Test::Mockingbird::DeepMock provides a declarative, data-driven way to describe mocking, spying, injection, and expectations in Perl tests.

Instead of scattering mock, spy, and restore_all calls throughout your test code, DeepMock lets you define a complete mocking plan in a single hashref, then executes your test code under that plan.

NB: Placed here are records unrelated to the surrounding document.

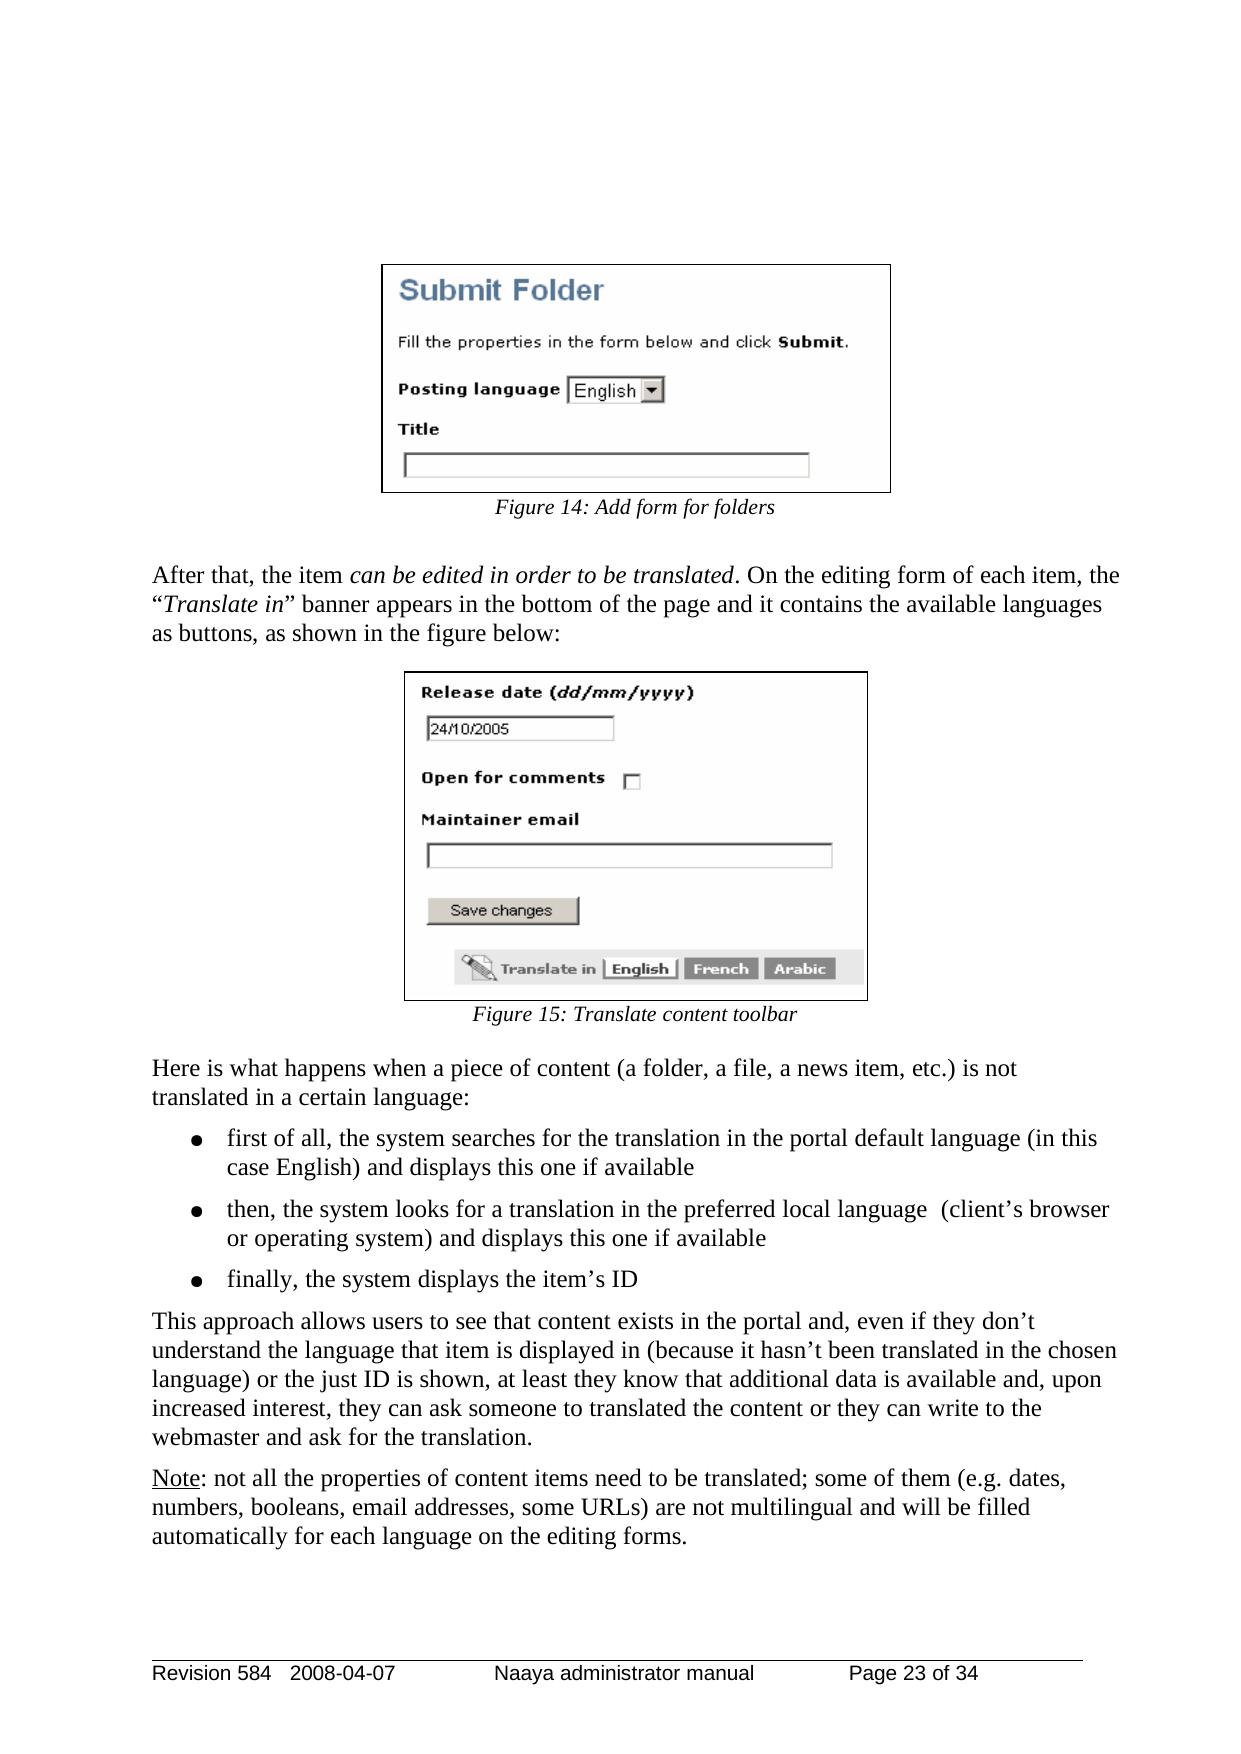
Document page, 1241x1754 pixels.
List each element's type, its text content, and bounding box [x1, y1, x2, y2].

text This approach allows users to see that content exists in the portal and, even if they don’t understand the language that item is displayed in (because it hasn’t been translated in the chosen language) or the just ID is shown, at least they know that additional data is available and, upon increased interest, they can ask someone to translated the content or they can write to the webmaster and ask for the translation. [152, 1306, 1120, 1451]
text Figure 14: Add form for folders [381, 493, 891, 519]
list first of all, the system searches for the translation in the portal default language (in this case English) and displays this one if available [189, 1123, 1120, 1181]
text After that, the item can be edited in order to be translated. On the editing form of each item, the “Translate in” banner appears in the bottom of the page and it contains the available languages as buttons, as shown in the figure below: [152, 560, 1120, 647]
text Here is what happens when a piece of content (a folder, a file, a news item, etc.) is not translated in a certain language: [152, 1053, 1120, 1111]
list finally, the system displays the item’s ID [189, 1264, 1120, 1293]
text Note: not all the properties of content items need to be translated; some of them (e.g. dates, numbers, booleans, email addresses, some URLs) are not multilingual and will be filled automatically for each language on the editing forms. [152, 1463, 1120, 1550]
list then, the system looks for a translation in the preferred local language (client’s browser or operating system) and displays this one if available [189, 1193, 1120, 1252]
text [405, 673, 867, 1000]
text [383, 265, 890, 492]
text Figure 15: Translate content toolbar [404, 1001, 868, 1026]

This produces tests that are:

  • easier to read

  • easier to maintain

  • easier to extend

  • easier to reason about

DeepMock is built on top of Test::Mockingbird, adding structure, expectations, and a clean DSL.

WHY DEEP MOCK?

Traditional mocking in Perl tends to be:

  • imperative

  • scattered across the test body

  • difficult to audit

  • easy to forget to restore

DeepMock solves these problems by letting you declare everything up front:

deep_mock(
    {
        mocks        => [...],
        expectations => [...],
    },
    sub { ... }
);

This gives you:

  • a single place to see all mocks and spies

  • automatic restore of all mocks

  • structured expectations

  • reusable patterns

  • a clean separation between setup and test logic

PLAN STRUCTURE

A DeepMock plan is a hashref with the following keys:

mocks

An arrayref of mock specifications. Each entry is a hashref:

{
    target => 'Package::method',   # required
    type   => 'mock' | 'spy' | 'inject',
    with   => sub { ... },         # for mock/inject
    tag    => 'identifier',        # for spies or scoped mocks
    scoped => 1,                   # optional
}

Types

mock

Replaces the target method with the provided coderef.

spy

Wraps the method and records all calls. Must have a tag.

inject

Injects a value or behavior into the target (delegates to Test::Mockingbird::inject).

expectations

An arrayref of expectation specifications. Each entry is a hashref:

{
    tag   => 'double_spy',   # required
    calls => 2,              # optional
    args_like => [           # optional
        [ qr/foo/, qr/bar/ ],
    ],
}

Expectation fields

tag

Identifies which spy this expectation applies to.

calls

Expected number of calls.

args_eq

Arrayref of arrayrefs. Each inner array lists exact argument values expected for a specific call. Values are compared with Test::More::is.

args_deeply

Arrayref of arrayrefs. Each inner array lists deep structures to compare against the arguments for a specific call. Uses Test::Deep::cmp_deeply.

args_like

Arrayref of arrayrefs of regexes. Each inner array describes expected arguments for a specific call.

never

Asserts that the spy was never called. Mutually exclusive with calls.

globals

Optional hashref controlling global behavior:

globals => {
    restore_on_scope_exit => 1,   # default
}

time

Optional hashref describing a time-travel plan to apply while the deep_mock block is running. This integrates with Test::Mockingbird::TimeTravel and allows declarative control of frozen time, time jumps, and temporal overrides.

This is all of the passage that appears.